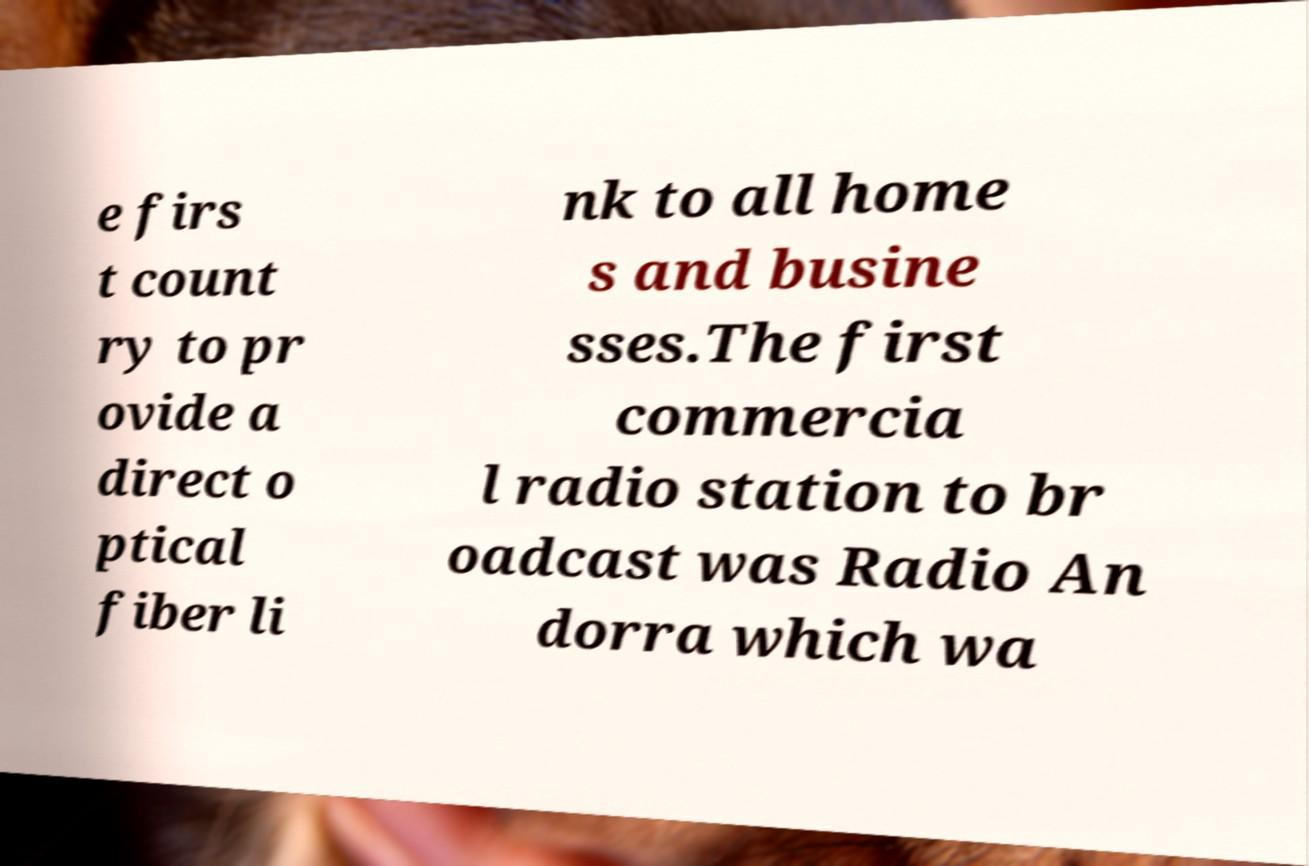I need the written content from this picture converted into text. Can you do that? e firs t count ry to pr ovide a direct o ptical fiber li nk to all home s and busine sses.The first commercia l radio station to br oadcast was Radio An dorra which wa 
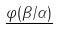Convert formula to latex. <formula><loc_0><loc_0><loc_500><loc_500>\underline { \varphi ( \beta / \alpha ) }</formula> 
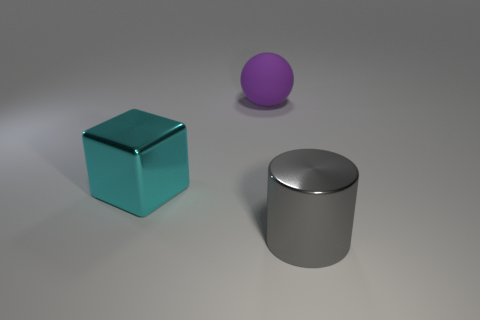There is a purple matte sphere that is to the right of the large object that is on the left side of the large object that is behind the cyan thing; what size is it?
Your answer should be very brief. Large. What is the color of the shiny cylinder?
Make the answer very short. Gray. Is the number of things that are behind the big cyan shiny object greater than the number of cyan shiny balls?
Your answer should be very brief. Yes. There is a big cyan metallic block; what number of cyan shiny objects are behind it?
Ensure brevity in your answer.  0. Are there any big cylinders in front of the metal thing that is on the left side of the large shiny cylinder that is on the right side of the big sphere?
Ensure brevity in your answer.  Yes. Does the cyan cube have the same size as the gray metal cylinder?
Make the answer very short. Yes. Are there an equal number of large cyan metallic blocks that are in front of the large sphere and objects that are in front of the large cube?
Make the answer very short. Yes. What is the shape of the shiny thing to the left of the big gray thing?
Your response must be concise. Cube. There is a cyan object that is the same size as the sphere; what is its shape?
Ensure brevity in your answer.  Cube. What is the color of the big metallic object on the left side of the rubber thing that is behind the thing that is left of the big purple rubber object?
Offer a very short reply. Cyan. 
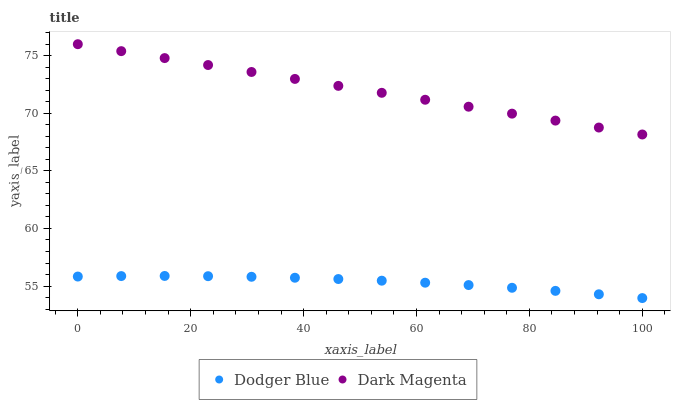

**To do**
Could you repeat exactly the lines from the first one of the records above through the line containing "Your answer should be very brief. Yes.", leaving out any pictures?

**Finished exercise**
I need the written content from this picture converted into text. Can you do that? e firs t count ry to pr ovide a direct o ptical fiber li nk to all home s and busine sses.The first commercia l radio station to br oadcast was Radio An dorra which wa 
Convert formula to latex. <formula><loc_0><loc_0><loc_500><loc_500>\underline { \varphi ( \beta / \alpha ) }</formula> 
There is a purple matte sphere that is to the right of the large object that is on the left side of the large object that is behind the cyan thing; what size is it?
Your answer should be very brief. Large. What is the color of the shiny cylinder?
Make the answer very short. Gray. Is the number of things that are behind the big cyan shiny object greater than the number of cyan shiny balls?
Your answer should be very brief. Yes. There is a big cyan metallic block; what number of cyan shiny objects are behind it?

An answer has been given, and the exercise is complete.